Illustration: Genevieve Bormes

Space that doesn't curve

     Blue in Green has overwhelmed me today. Memories had rushed back, memories of amazing musicians whose talent I got to bask in. I would wrap myself in music almost every day of my life, for years, and visit hidden worlds. The gratitude I feel towards all who share their love for life through art of everything is ... indescribable, immense, Hokusai's Wave big. I remember love because of them - the kind that comes from between our lives. I better go listen now, before the song ends...

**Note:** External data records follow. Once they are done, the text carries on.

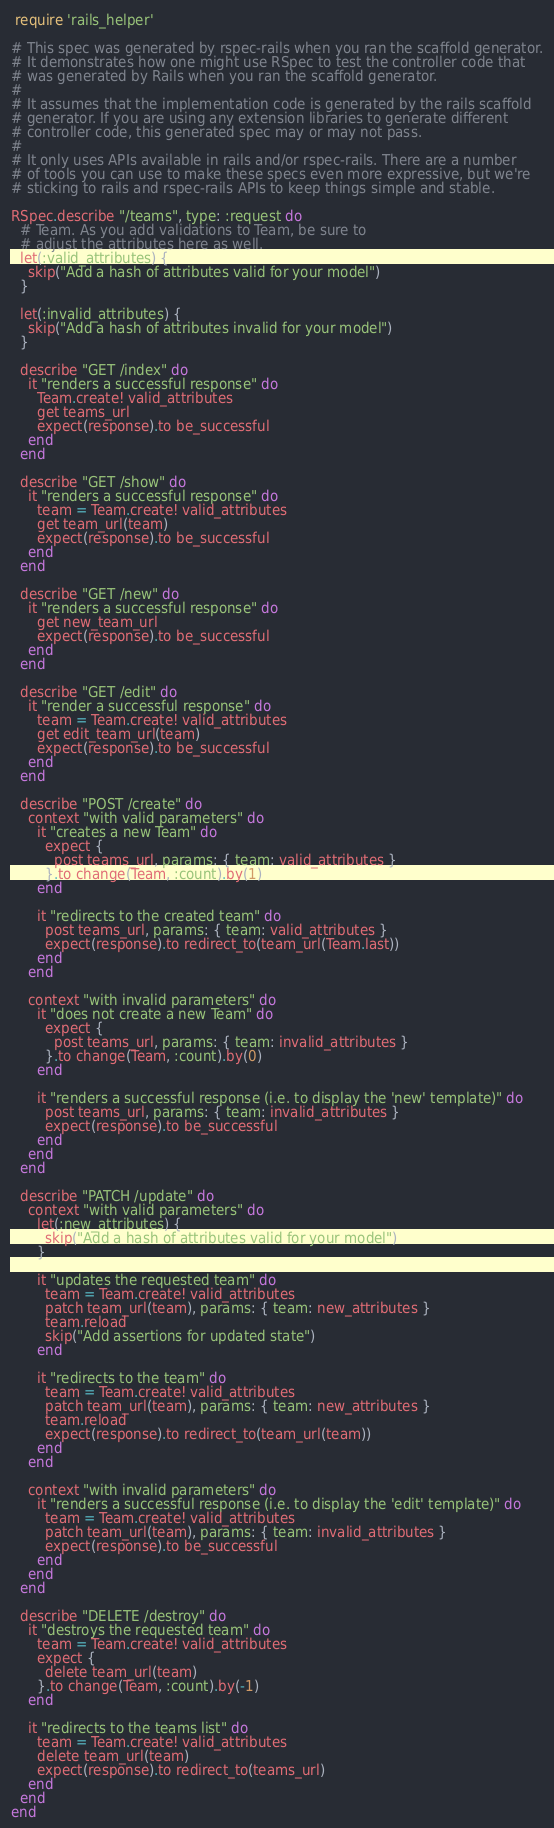Convert code to text. <code><loc_0><loc_0><loc_500><loc_500><_Ruby_> require 'rails_helper'

# This spec was generated by rspec-rails when you ran the scaffold generator.
# It demonstrates how one might use RSpec to test the controller code that
# was generated by Rails when you ran the scaffold generator.
#
# It assumes that the implementation code is generated by the rails scaffold
# generator. If you are using any extension libraries to generate different
# controller code, this generated spec may or may not pass.
#
# It only uses APIs available in rails and/or rspec-rails. There are a number
# of tools you can use to make these specs even more expressive, but we're
# sticking to rails and rspec-rails APIs to keep things simple and stable.

RSpec.describe "/teams", type: :request do
  # Team. As you add validations to Team, be sure to
  # adjust the attributes here as well.
  let(:valid_attributes) {
    skip("Add a hash of attributes valid for your model")
  }

  let(:invalid_attributes) {
    skip("Add a hash of attributes invalid for your model")
  }

  describe "GET /index" do
    it "renders a successful response" do
      Team.create! valid_attributes
      get teams_url
      expect(response).to be_successful
    end
  end

  describe "GET /show" do
    it "renders a successful response" do
      team = Team.create! valid_attributes
      get team_url(team)
      expect(response).to be_successful
    end
  end

  describe "GET /new" do
    it "renders a successful response" do
      get new_team_url
      expect(response).to be_successful
    end
  end

  describe "GET /edit" do
    it "render a successful response" do
      team = Team.create! valid_attributes
      get edit_team_url(team)
      expect(response).to be_successful
    end
  end

  describe "POST /create" do
    context "with valid parameters" do
      it "creates a new Team" do
        expect {
          post teams_url, params: { team: valid_attributes }
        }.to change(Team, :count).by(1)
      end

      it "redirects to the created team" do
        post teams_url, params: { team: valid_attributes }
        expect(response).to redirect_to(team_url(Team.last))
      end
    end

    context "with invalid parameters" do
      it "does not create a new Team" do
        expect {
          post teams_url, params: { team: invalid_attributes }
        }.to change(Team, :count).by(0)
      end

      it "renders a successful response (i.e. to display the 'new' template)" do
        post teams_url, params: { team: invalid_attributes }
        expect(response).to be_successful
      end
    end
  end

  describe "PATCH /update" do
    context "with valid parameters" do
      let(:new_attributes) {
        skip("Add a hash of attributes valid for your model")
      }

      it "updates the requested team" do
        team = Team.create! valid_attributes
        patch team_url(team), params: { team: new_attributes }
        team.reload
        skip("Add assertions for updated state")
      end

      it "redirects to the team" do
        team = Team.create! valid_attributes
        patch team_url(team), params: { team: new_attributes }
        team.reload
        expect(response).to redirect_to(team_url(team))
      end
    end

    context "with invalid parameters" do
      it "renders a successful response (i.e. to display the 'edit' template)" do
        team = Team.create! valid_attributes
        patch team_url(team), params: { team: invalid_attributes }
        expect(response).to be_successful
      end
    end
  end

  describe "DELETE /destroy" do
    it "destroys the requested team" do
      team = Team.create! valid_attributes
      expect {
        delete team_url(team)
      }.to change(Team, :count).by(-1)
    end

    it "redirects to the teams list" do
      team = Team.create! valid_attributes
      delete team_url(team)
      expect(response).to redirect_to(teams_url)
    end
  end
end
</code>

I'm crocheting hats for the stars,
hugging
wind with my hair,
tracing footprints in my thoughts - 
looking for that wrong turn,
searching for the right path.
stamping smiles on the waves of emotions.
 
 
Song written on a guitar that was tuned as:
bottom string - маленькая серебряная овечка в космосе,
second string - empty hall, no audience,
third string - тёёёёплый шарф,
fourth string - melancholy,
fifth string - philosophical hot chocolate at midnight,
sixth string - a hip jazz musician.

I have to day today

     I lay and gave in and it showed itself. My brain had calloused over in the past 6 years. Became rigid, static, encased. A piece of that shell came off on the Genesis and exposed the raw material inside: the boundless, the endless, the possible. I need to sit now and feel. While it's so very fresh, I want to apply all I am and create. More, always more, the ever-expanding life that I never wish to end.